*What you need to do*
Starting at the line that contains "For the car", repeat each line of the listing below through the last one, exactly, and leave out every picture.

*Supplied material*
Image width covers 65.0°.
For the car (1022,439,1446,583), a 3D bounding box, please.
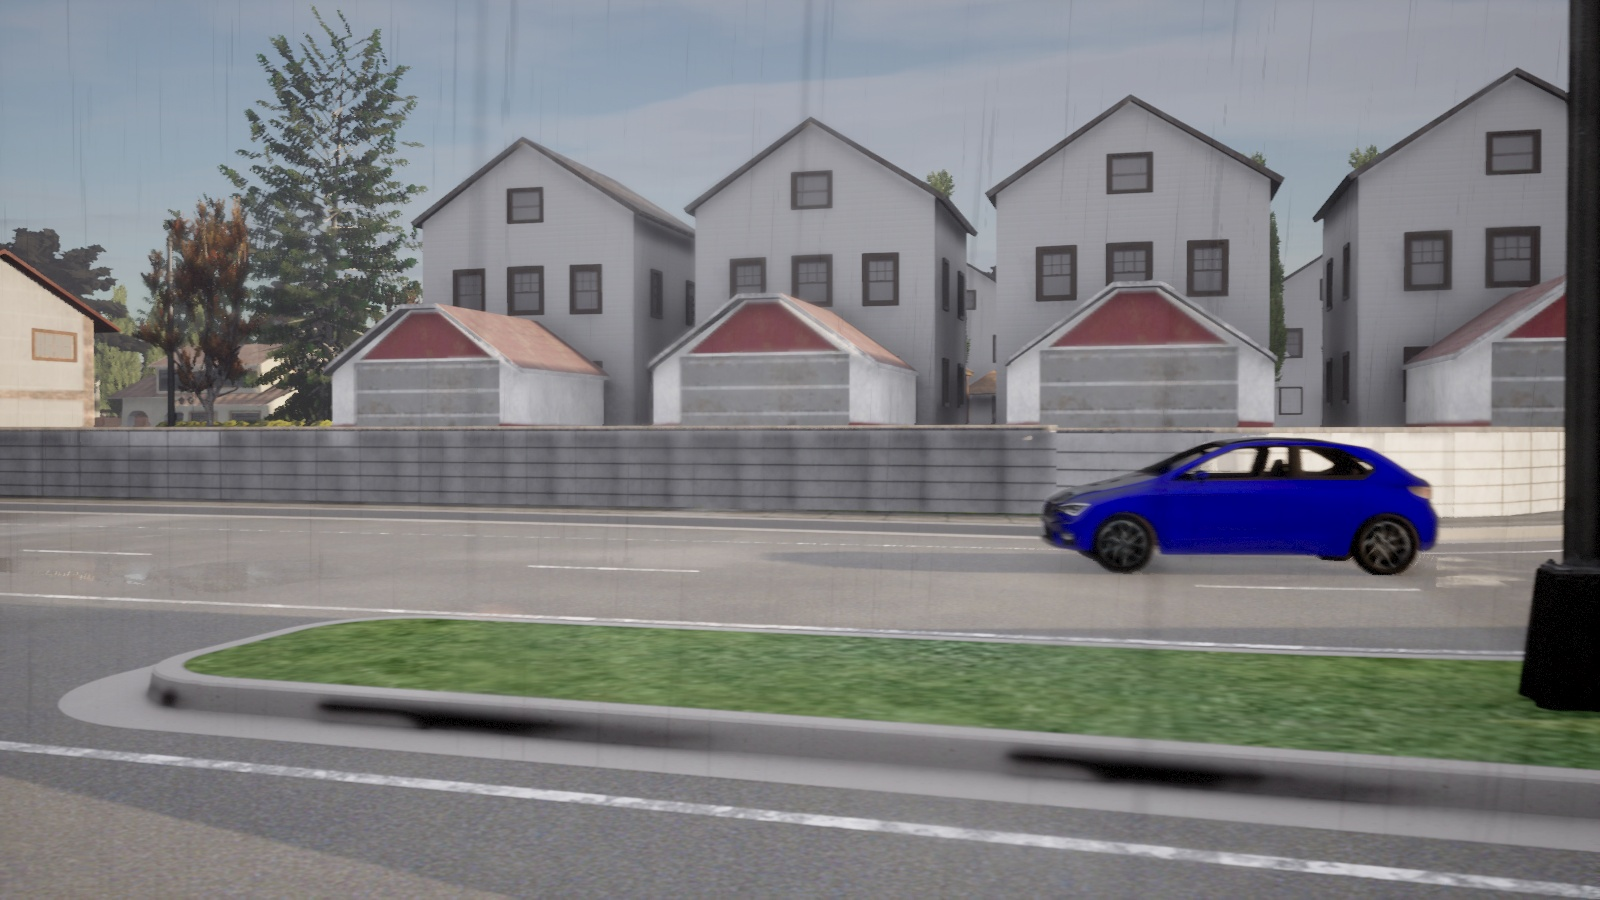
[{"bbox_3d":[4.740,0.628,14.221,4.193,1.474,1.816,0,1,4],"label":"car"}]

*Answer section*
For the car (1022,439,1446,583), a 3D bounding box, please.
[{"bbox_3d":[4.740,0.628,14.221,4.193,1.474,1.816,0,1,4],"label":"car"}]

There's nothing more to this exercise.